Protagonist Verifies Takeda’s interest

Around a year ago Takeda took a punt on Protagonist Therapeutics’ hepcidin mimetic rusfertide ahead of a key phase 3 readout – and now that trial has come in positive. The partners released topline data on Monday from the Verify trial, testing rusfertide in patients with polycythemia vera not well controlled by standard of care, including phlebotomy.

The study met its primary endpoint, showing a 77% response rate in the rusfertide arm versus 33% with control. Still, the companies will not be filing until the fourth quarter, with Protagonist noting during a conference call that 52-week data were needed to submit rusfertide to the FDA, though apparently there is "no particular bar" to hit in terms of durability.

Takeda paid $300m up front to license rusfertide, and Protagonist will earn another $25m milestone on the Verify results. The partners have estimated that the asset could make peak sales of $2bn, and Protagonist execs hinted that this figure might be raised given the latest results. “I can almost guarantee there will be no downward guidance,” said its chief executive, Dinesh Patel.

This appeared to scotch doubts about rusfertide’s potential market, raised when recruitment into Verify was delayed, initially from the first half to the second half of 2023, then until the first quarter of 2024, before Takeda finally confirmed full enrolment in October 2024.

Any lingering questions here could help explain why Protagonist rose just 4% on the news, although the company’s valuation also looks relatively rich, at $2.5bn.

Polycythemia vera, which is thought to affect around 100,000 US patients, involves the overproduction of red blood cells. Treatment includes phlebotomy (blood removal) and cytoreductive agents like hydroxyurea, interferon and Novartis/Incyte’s Jakafi.

By mimicking hepcidin, the primary regulator of iron homeostasis, rusfertide is designed to reduce red blood cell production. According to OncologyPipeline there are no other hepcidin mimetics in active clinical development. Protagonist also plans to nominate a new oral hepcidin candidate by the end of this year.

Placebo response

One curious finding from Verify is a higher than expected placebo response, at 33%. In the study response was defined as no phlebotomy, or phlebotomy eligibility between weeks 20 and 32, and completion of weeks 0-32 – with the latter also encompassing a dose-titration period.

Previously, the phase 2 Revive study found response rates of 60% and 17% with rusfertide and placebo respectively. Protagonist said this difference could be explained by a shift from a smaller, US-centric phase 2 to a larger and longer global phase 3 with greater patient heterogeneity, including those at an earlier stage of disease.

In any case the reason seems academic, as Verify still hit its primary endpoint.

Verify also prevailed on a key secondary, phlebotomy rate, the preferred endpoint for EU regulators.

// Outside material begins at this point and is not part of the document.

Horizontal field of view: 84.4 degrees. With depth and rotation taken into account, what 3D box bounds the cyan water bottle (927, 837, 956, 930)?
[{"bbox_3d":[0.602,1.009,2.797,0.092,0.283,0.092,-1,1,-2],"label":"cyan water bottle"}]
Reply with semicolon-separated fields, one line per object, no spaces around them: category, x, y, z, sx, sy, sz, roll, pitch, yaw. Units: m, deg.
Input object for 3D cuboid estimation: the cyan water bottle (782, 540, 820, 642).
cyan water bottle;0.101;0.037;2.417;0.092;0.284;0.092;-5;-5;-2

The mean number of phlebotomies per patient was 0.5 with rusfertide, versus 1.8 with control during weeks 0-32 (p<0.0001). And 73% of patients receiving rusfertide received no phlebotomies before week 32, compared with 22% with control.

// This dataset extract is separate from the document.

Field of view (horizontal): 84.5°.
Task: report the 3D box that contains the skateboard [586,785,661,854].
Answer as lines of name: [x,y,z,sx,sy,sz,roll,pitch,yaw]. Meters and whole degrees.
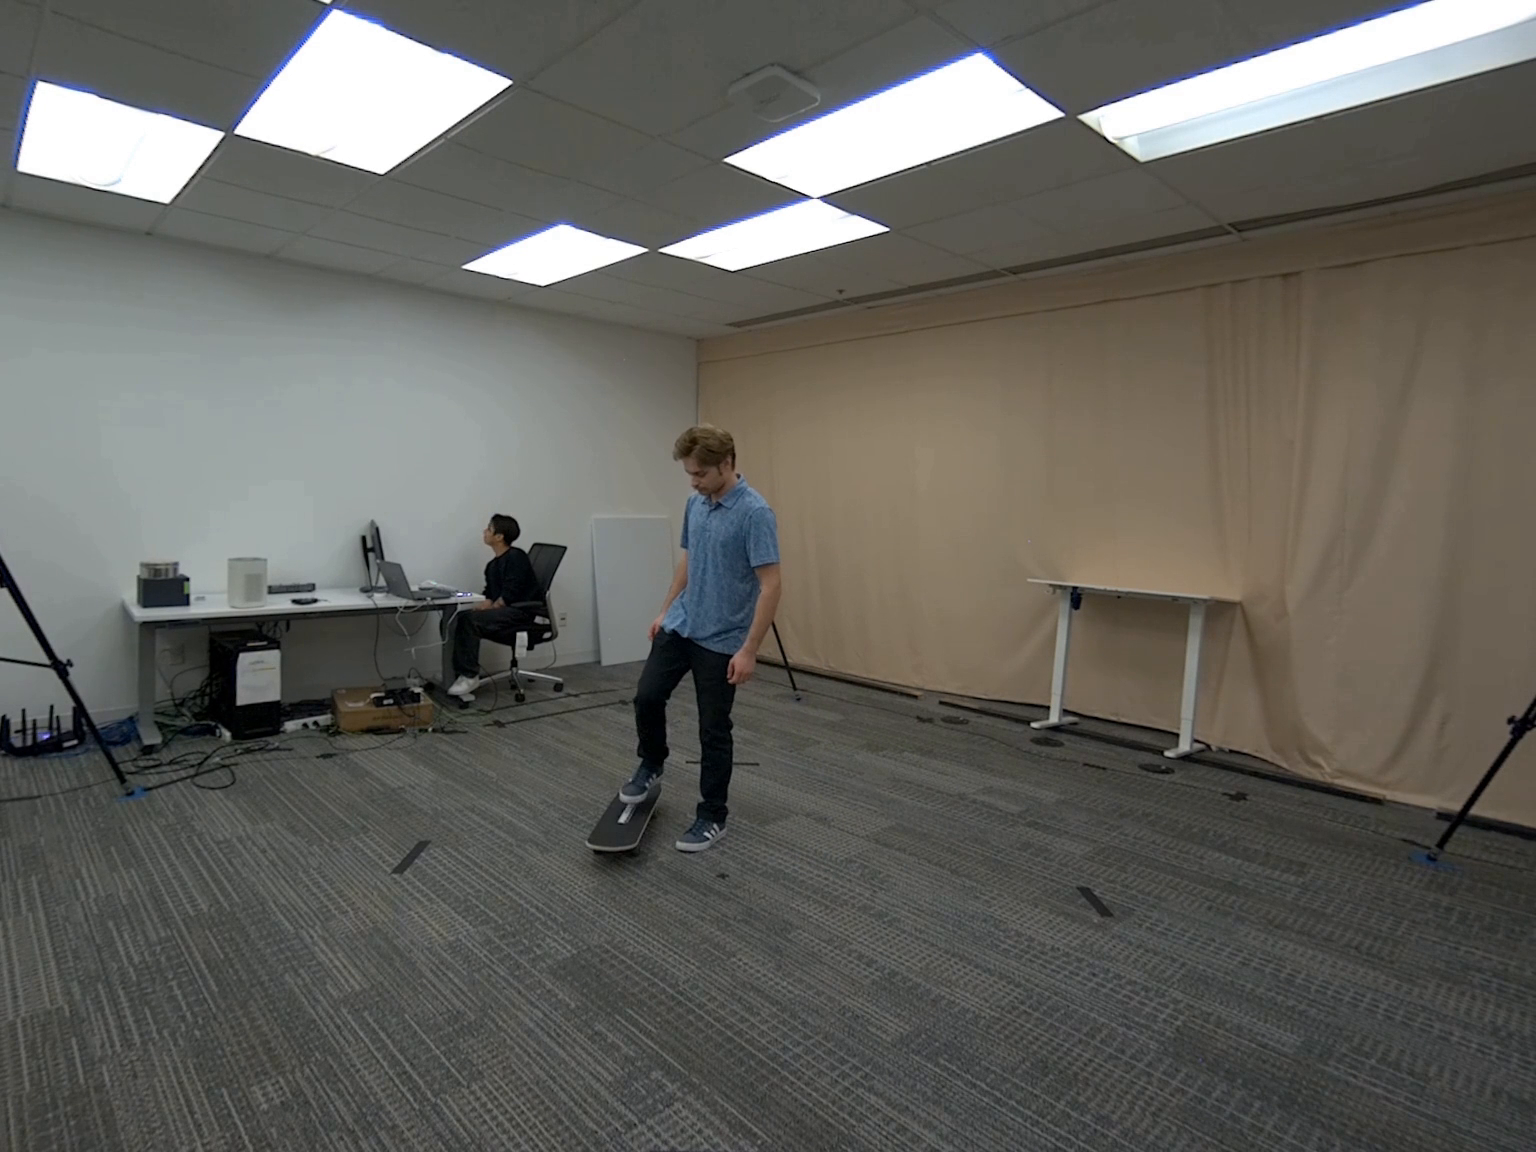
skateboard: [-0.586,1.008,3.464,0.194,0.110,0.785,2,5,3]

Protagonist and Takeda also said the study hit other secondary endpoints, including haematocrit control and patient-reported outcomes, although the partners are saving these data for an upcoming medical meeting.

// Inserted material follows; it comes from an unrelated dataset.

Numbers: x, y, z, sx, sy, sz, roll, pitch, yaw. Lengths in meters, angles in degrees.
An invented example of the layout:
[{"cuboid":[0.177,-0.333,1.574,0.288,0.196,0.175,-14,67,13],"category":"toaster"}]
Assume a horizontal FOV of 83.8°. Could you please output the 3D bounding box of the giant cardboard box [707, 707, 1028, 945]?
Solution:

On safety, the companies said rusfertide was generally well tolerated with no new safety findings, adding that there was no evidence of an increased cancer risk. Cancer concerns were previously raised, including animal data that led to a clinical hold.

Protagonist appears to be positioning rusfertide as an intermediate-stage therapy for polycythemia vera, suggesting that it could fit between phlebotomy and Jakafi, which tends to be used in more advanced patients, the company noted.

Under the Takeda deal Protagonist can choose to opt out of a 50/50 profit share, and is due to make a decision by mid-2026.